Seriously, you could try getting your employer to write to say you're indispensible to the business.

Cheers

Whirls

Wod
10th Apr 2009, 08:39
Go and do your civic duty young chap.

Otherwise juries will consist of the retired, the unemployed and the seriously underemployed looking for some beer money and company.

sisemen
10th Apr 2009, 08:42
Like voting, the ability to sit in judgement on one's peers is not a "right" to be given up lightly. Otherwise we would have dictatorships and secret juntas deciding on who goes to jail or is executed.

These rights were hard won. Go and do your duty. You might even enjoy it.

Sprogget
10th Apr 2009, 08:53
I doubt it. Not enough juicy murders to go around. I found it a boring waste of time, especially since the case we were judging was mistrialled halfway through. However, it is a duty & you should do it if you can,

There are though legitimate grounds for excuse, wife having a baby, self employed etc. You can only be called for jury duty three times. Not a lot of people know that.

Roger Sofarover
10th Apr 2009, 08:57
you could always just make yourself 'unsuitable' on the day when they quiz you before the trial. Say you are familiar with the case, have a view, have a prejudice etc, or maybe you are prone to narcolepsy!

Sprogget
10th Apr 2009, 09:00
Say you are familiar with the caseThat would get you plonked back in the waiting room until the next case comes up.

renfrew
10th Apr 2009, 09:13
The system doesn't work.I have been called twice,the first case took 3 days when it wasn't worth 3 hours.
The second time we were keep hanging around for 4 days until the clerk could find a courtroom,a judge and the lawyers.
When everyone was in place the accused couldn't be found.He had apparently returned to London saying he had better things to do.
When I received a third summons I sent it back telling them what I thought of the criminal justice system.

anotherthing
10th Apr 2009, 09:13
Commit a crime (and get caught for it). Foolproof.

Jofm5
10th Apr 2009, 09:15
Quote:
Say you are familiar with the case
That would get you plonked back in the waiting room until the next case comes up.


To say your predjuice against the police is a different matter. I cannot do jury duty for this reason, I got prosecuted for something I was innocent of and it got proven.
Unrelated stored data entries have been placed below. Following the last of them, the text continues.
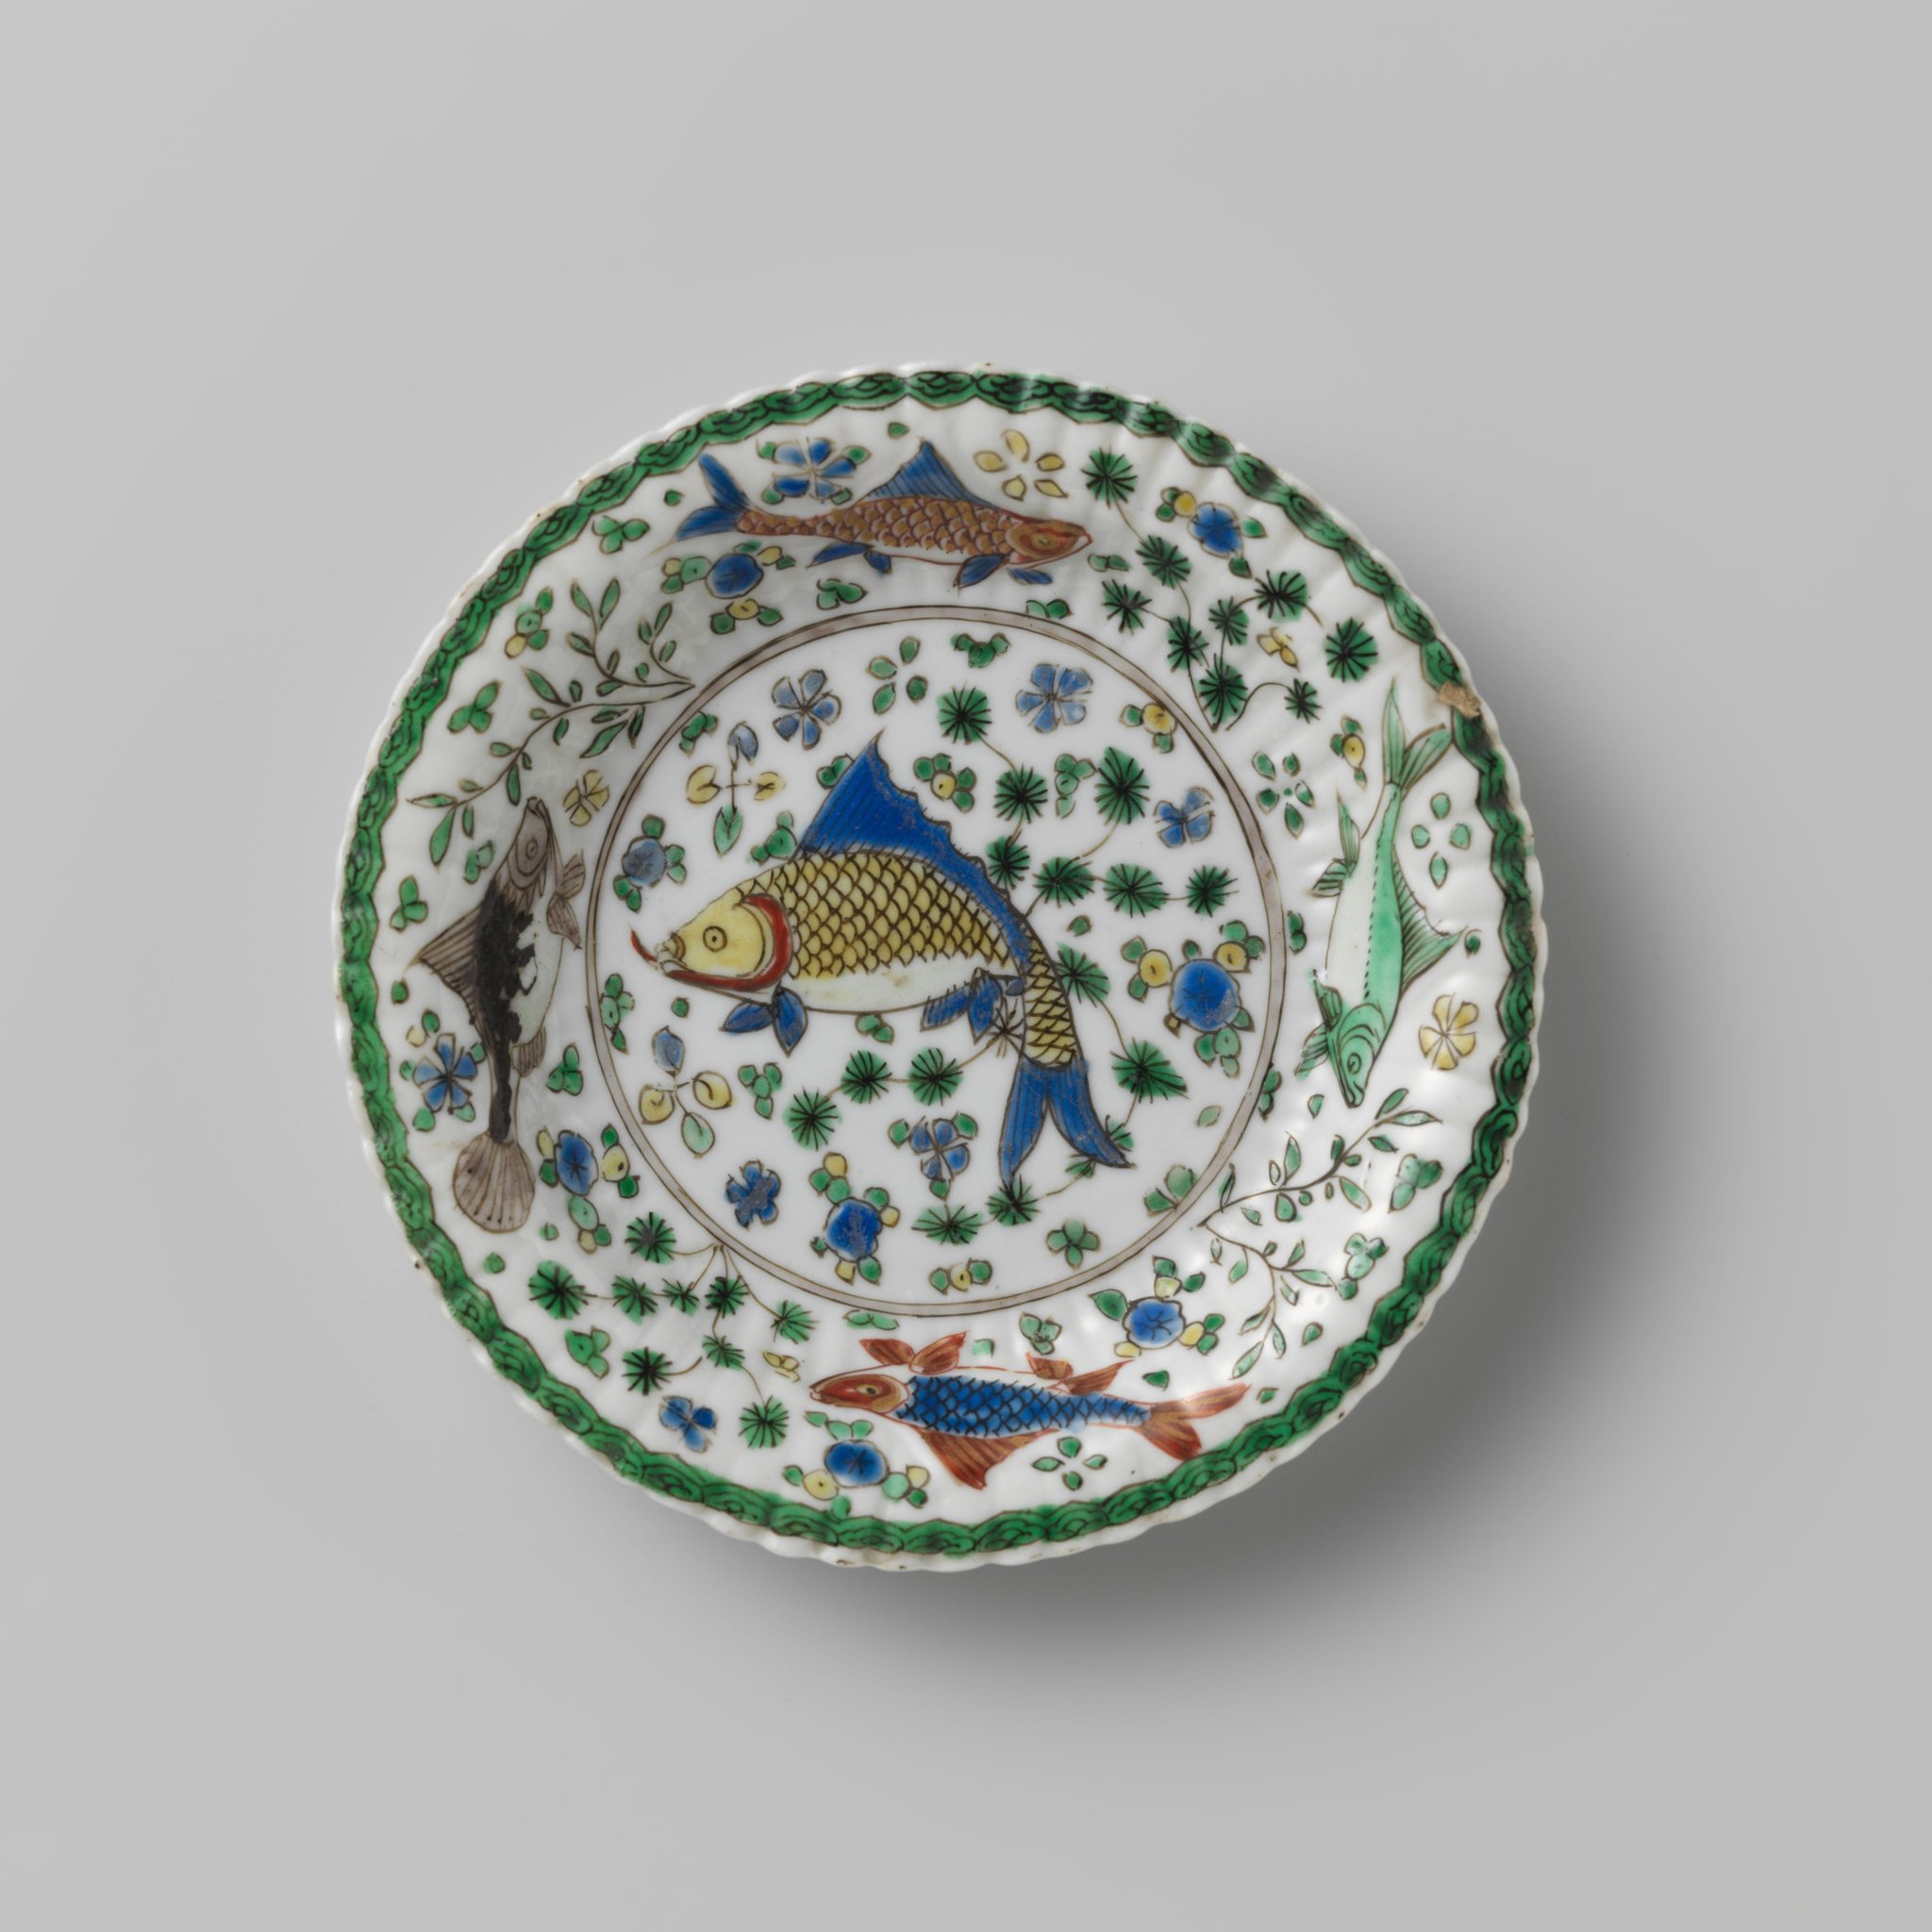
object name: platter
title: Saucer with fish between water plants
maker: Anonymous
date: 1700-1724
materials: cobalt, glaze, gold, paint, porcelain
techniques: firing, turning, vitrification
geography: china
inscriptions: mark: ‘玉’
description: Schotel van porselein met geribde wand en gelobde rand, beschilderd in onderglazuur blauw en op het glazuur blauw, rood, groen, geel, aubergine, zwart en goud. Het plat van de schotel met een vis tussen waterplanten en vier kleinere vissen tussen waterplanten op de wand en rand, de rand met een band ruyi-motief; op de buitenzijde vier vissen in ijzerrood. Gemerkt op de onderzijde met 'Yù', jade, in een dubbele cirkel. Famille verte.

So when asked for jury duty said I had no faith and why - it got dismissed (quite rightly so) for I not being able to give a fair verdict.

And yes to this day I hold no faith - I can tell you of an incident 3 weeks ago to substantiate it.

BabyBear
10th Apr 2009, 09:22
Say you are familiar with the case

Best be careful how familiar you claim to be. or you may find yourself having a jury decide your fate!;)

Sprogget
10th Apr 2009, 09:24
I got prosecuted for something I was innocent of and it got proven
Er, wouldn't be doing me job if i didn't question that one?;)

Jofm5
10th Apr 2009, 09:40
I got prosecuted for something I was innocent of and it got proven


It got proven I was innocent

BabyBear
10th Apr 2009, 09:45
It got proven I was innocent

Seems to me you should have faith. The system worked in your case.

1DC
10th Apr 2009, 09:50
Not easy to get out of jury service. Mrs 1DC was called when our first sprog was a month old, she still had to go but to give them their due she was always the first one to be sent home if they were just hanging around.Mind you things may have changed over time as said sprog is now in her forties.

Avitor
10th Apr 2009, 10:19
Write back to them along the lines....'If the bloody silly judge can't deal with it, what the hell do you think I can do? Find the feckers guilty and move on, my probation officer, says I am not fit to be on the streets, it's [email protected] like judges that allow me on them.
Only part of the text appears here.